Entries taken from a collection:
§

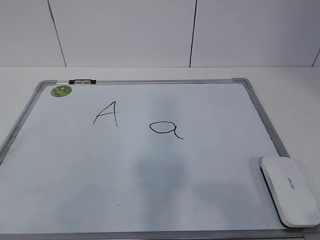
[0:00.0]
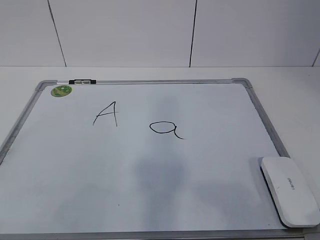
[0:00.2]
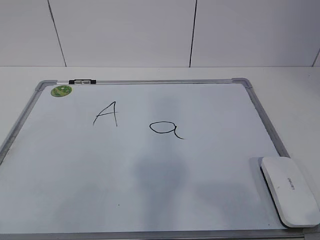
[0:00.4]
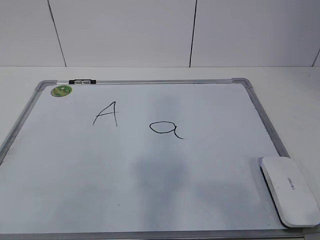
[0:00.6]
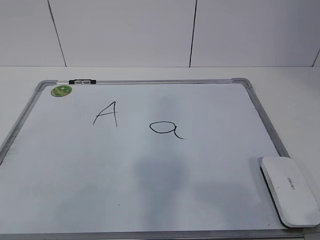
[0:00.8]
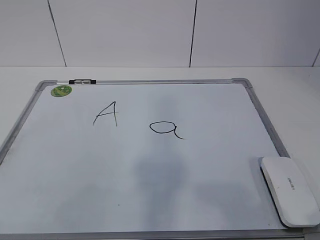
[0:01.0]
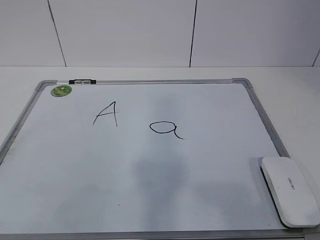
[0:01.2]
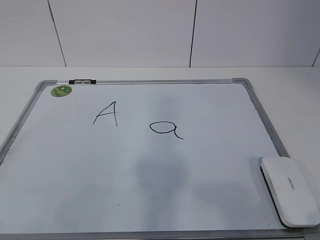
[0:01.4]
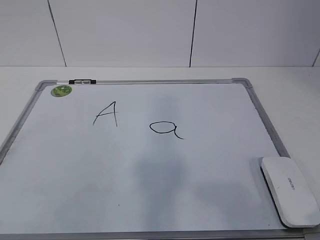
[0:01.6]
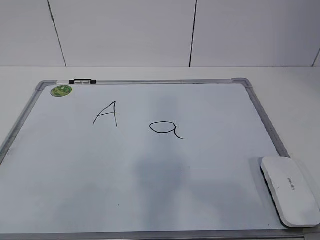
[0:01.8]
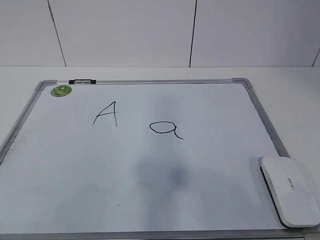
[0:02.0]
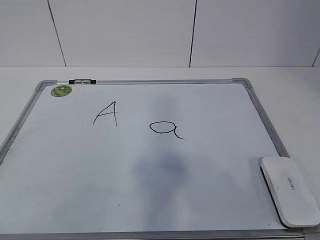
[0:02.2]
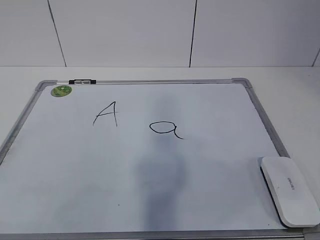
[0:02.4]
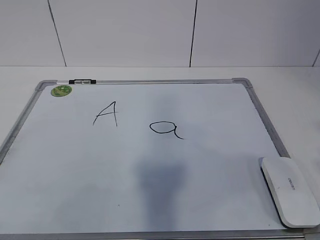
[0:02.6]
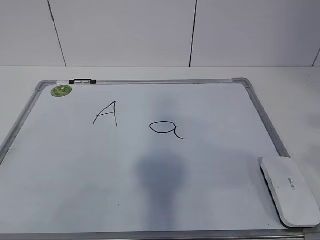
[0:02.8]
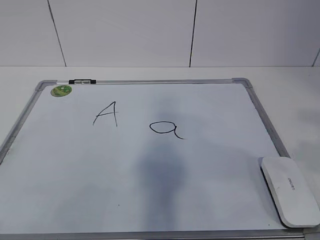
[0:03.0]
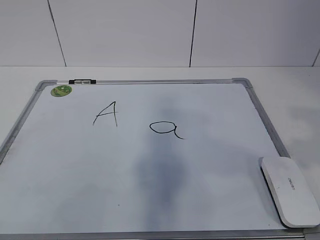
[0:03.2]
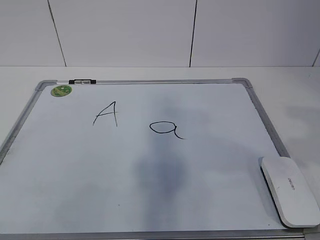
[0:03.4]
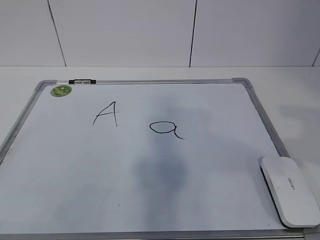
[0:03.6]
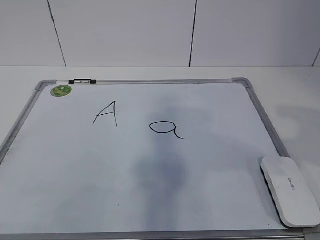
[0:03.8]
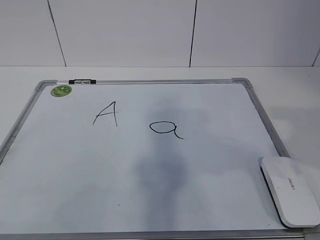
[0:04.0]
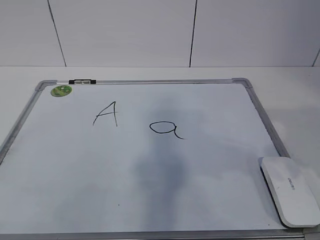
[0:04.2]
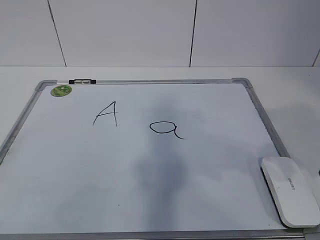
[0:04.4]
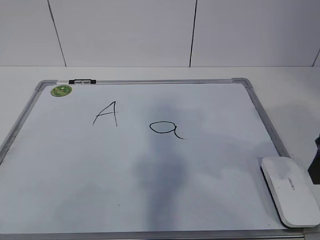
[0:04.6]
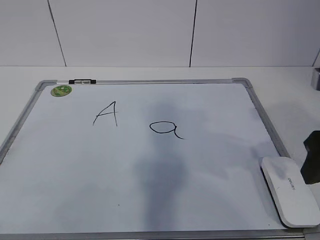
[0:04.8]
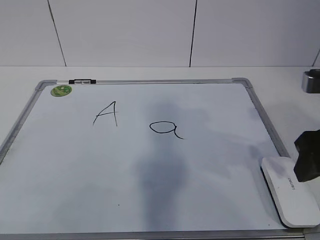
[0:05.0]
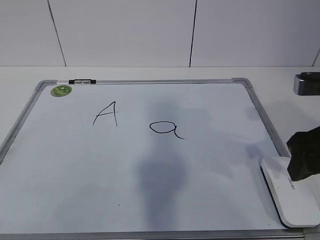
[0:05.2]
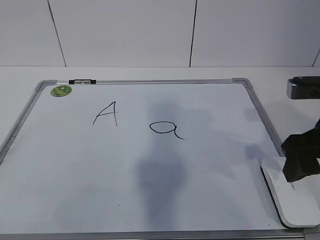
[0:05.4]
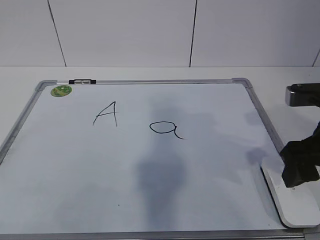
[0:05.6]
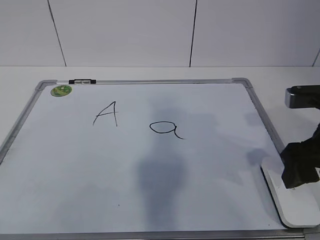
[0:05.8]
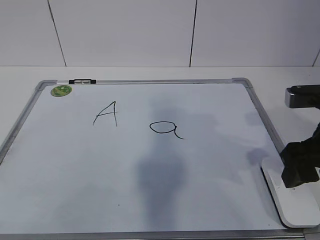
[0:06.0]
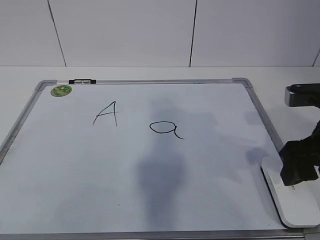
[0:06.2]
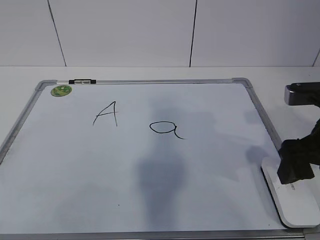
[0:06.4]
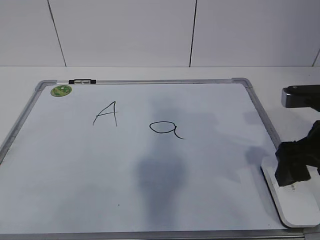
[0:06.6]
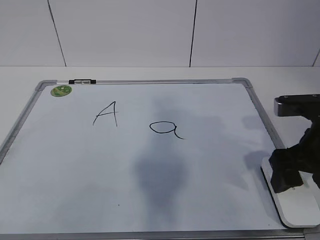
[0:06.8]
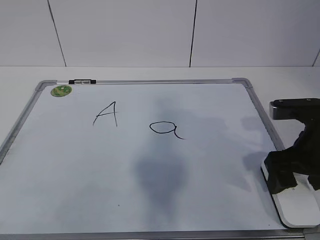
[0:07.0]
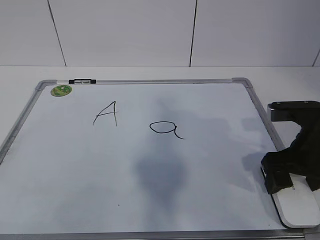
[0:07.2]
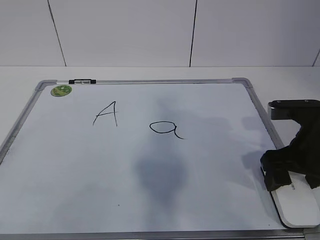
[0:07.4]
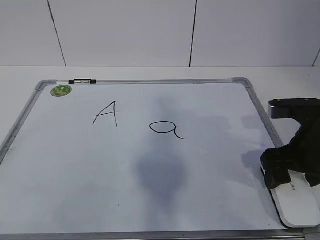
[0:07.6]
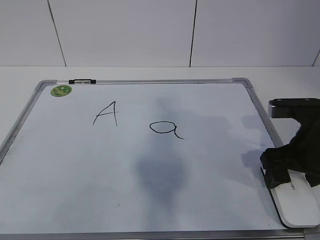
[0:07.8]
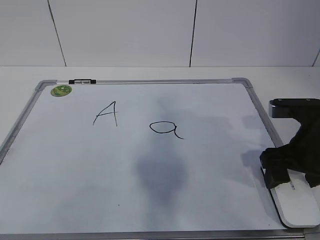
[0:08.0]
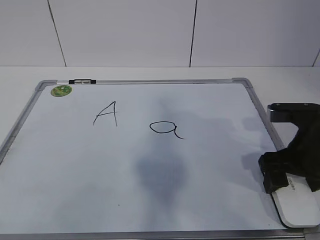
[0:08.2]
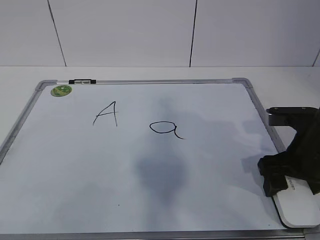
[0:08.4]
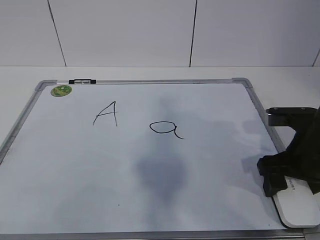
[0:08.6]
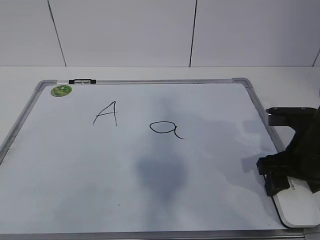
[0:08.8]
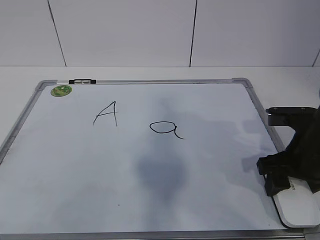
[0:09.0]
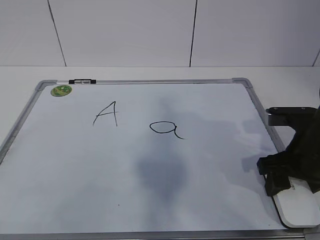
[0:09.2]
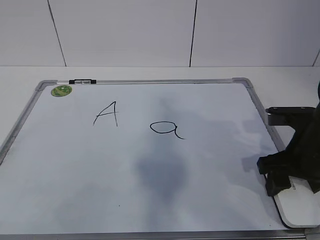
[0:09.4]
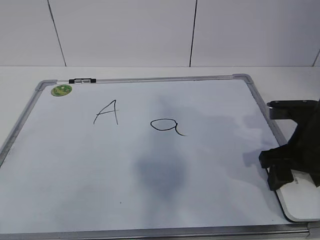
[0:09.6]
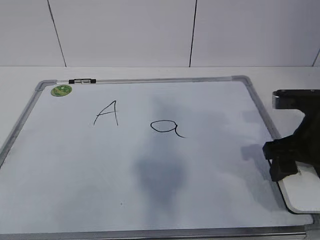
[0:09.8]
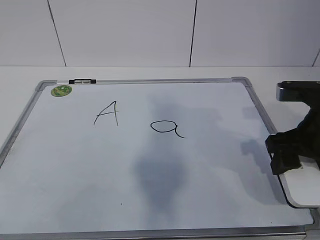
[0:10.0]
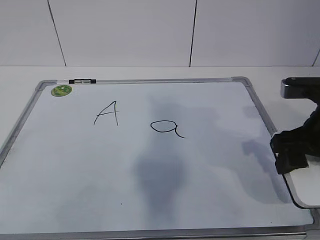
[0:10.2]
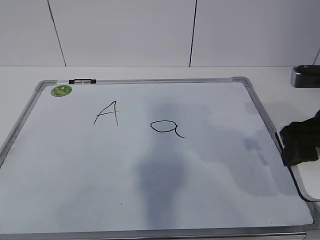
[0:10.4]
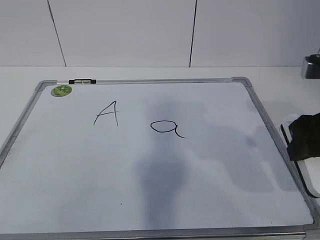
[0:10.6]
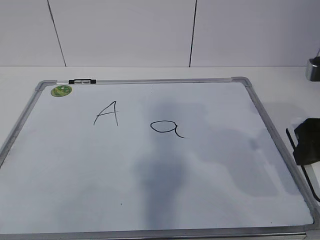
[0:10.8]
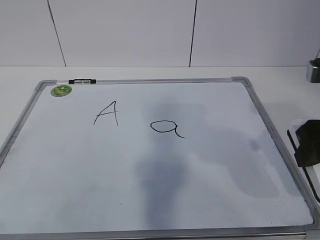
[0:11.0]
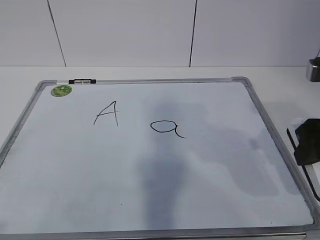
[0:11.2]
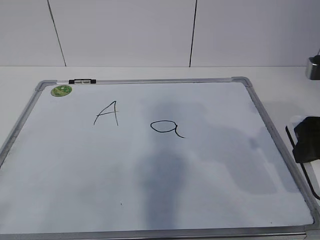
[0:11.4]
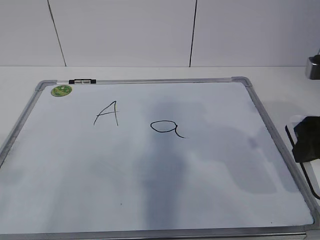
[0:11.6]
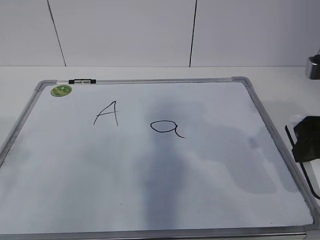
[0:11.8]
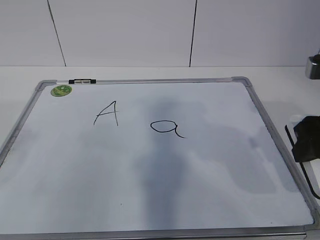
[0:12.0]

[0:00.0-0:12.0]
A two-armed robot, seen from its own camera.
Task of the whole recording: pick up the eraser on the blackboard and erase the letter "a".
Step, 0:00.0 to 0:07.8: Grab the eraser with your right hand.
0:01.6 to 0:03.0: The right gripper travels forward and upward by roughly 15 cm.
0:04.4 to 0:06.0: The right gripper moves downward and forward, approximately 10 cm.
0:06.0 to 0:07.6: The right gripper shifts by about 5 cm, and opens its fingers.
0:07.6 to 0:09.0: The right gripper closes up.
0:09.0 to 0:10.4: The right gripper is displaced upward by roughly 5 cm.

§

Requirement. Begin at the first line of the entries above and return each line exactly, stopping after the line that contains "[0:00.0-0:12.0]". Pictures do not belong in the copy.

Your solution.
[0:00.0]
[0:00.2]
[0:00.4]
[0:00.6]
[0:00.8]
[0:01.0]
[0:01.2]
[0:01.4]
[0:01.6]
[0:01.8]
[0:02.0]
[0:02.2]
[0:02.4]
[0:02.6]
[0:02.8]
[0:03.0]
[0:03.2]
[0:03.4]
[0:03.6]
[0:03.8]
[0:04.0]
[0:04.2]
[0:04.4]
[0:04.6]
[0:04.8]
[0:05.0]
[0:05.2]
[0:05.4]
[0:05.6]
[0:05.8]
[0:06.0]
[0:06.2]
[0:06.4]
[0:06.6]
[0:06.8]
[0:07.0]
[0:07.2]
[0:07.4]
[0:07.6]
[0:07.8]
[0:08.0]
[0:08.2]
[0:08.4]
[0:08.6]
[0:08.8]
[0:09.0]
[0:09.2]
[0:09.4]
[0:09.6]
[0:09.8]
[0:10.0]
[0:10.2]
[0:10.4]
[0:10.6]
[0:10.8]
[0:11.0]
[0:11.2]
[0:11.4]
[0:11.6]
[0:11.8]
[0:12.0]

[0:00.0-0:12.0]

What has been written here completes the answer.